Assignment:
Leave every image out, and print the remaining lines below exactly.

Recorded information:
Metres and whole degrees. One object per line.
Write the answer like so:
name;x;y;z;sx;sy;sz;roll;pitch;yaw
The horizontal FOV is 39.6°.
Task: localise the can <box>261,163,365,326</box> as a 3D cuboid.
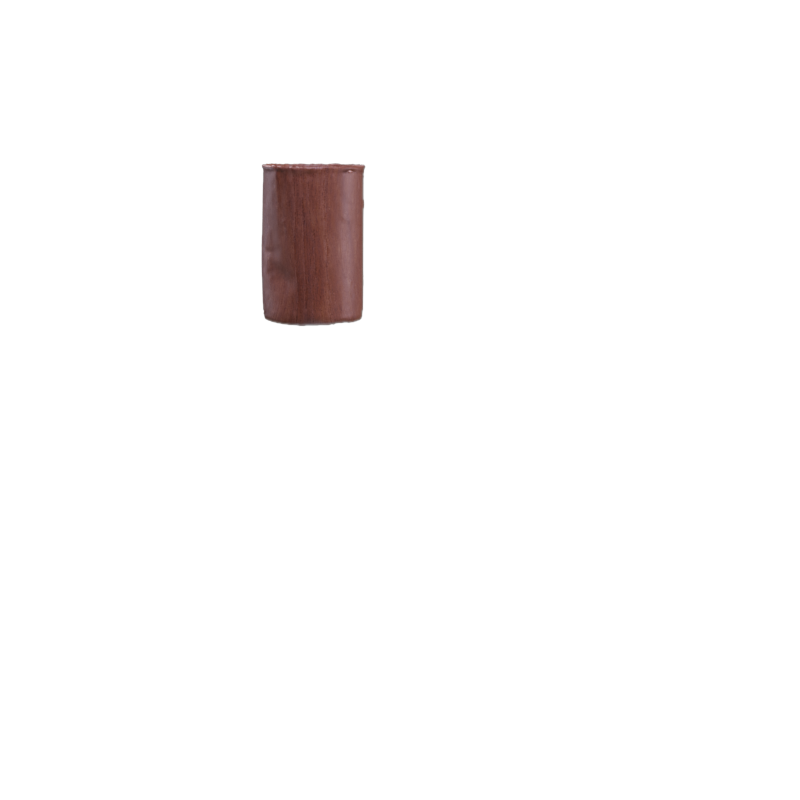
can;-0.057;-0.104;0.731;0.068;0.101;0.070;0;8;-2

Task answer:
Metres and whole degrees. One object per line.
Write the answer like so:
name;x;y;z;sx;sy;sz;roll;pitch;yaw
The horizontal FOV is 39.6°.
Task: localise the can <box>261,163,365,326</box> as a 3D cuboid.
can;-0.057;-0.104;0.731;0.068;0.101;0.070;0;8;-2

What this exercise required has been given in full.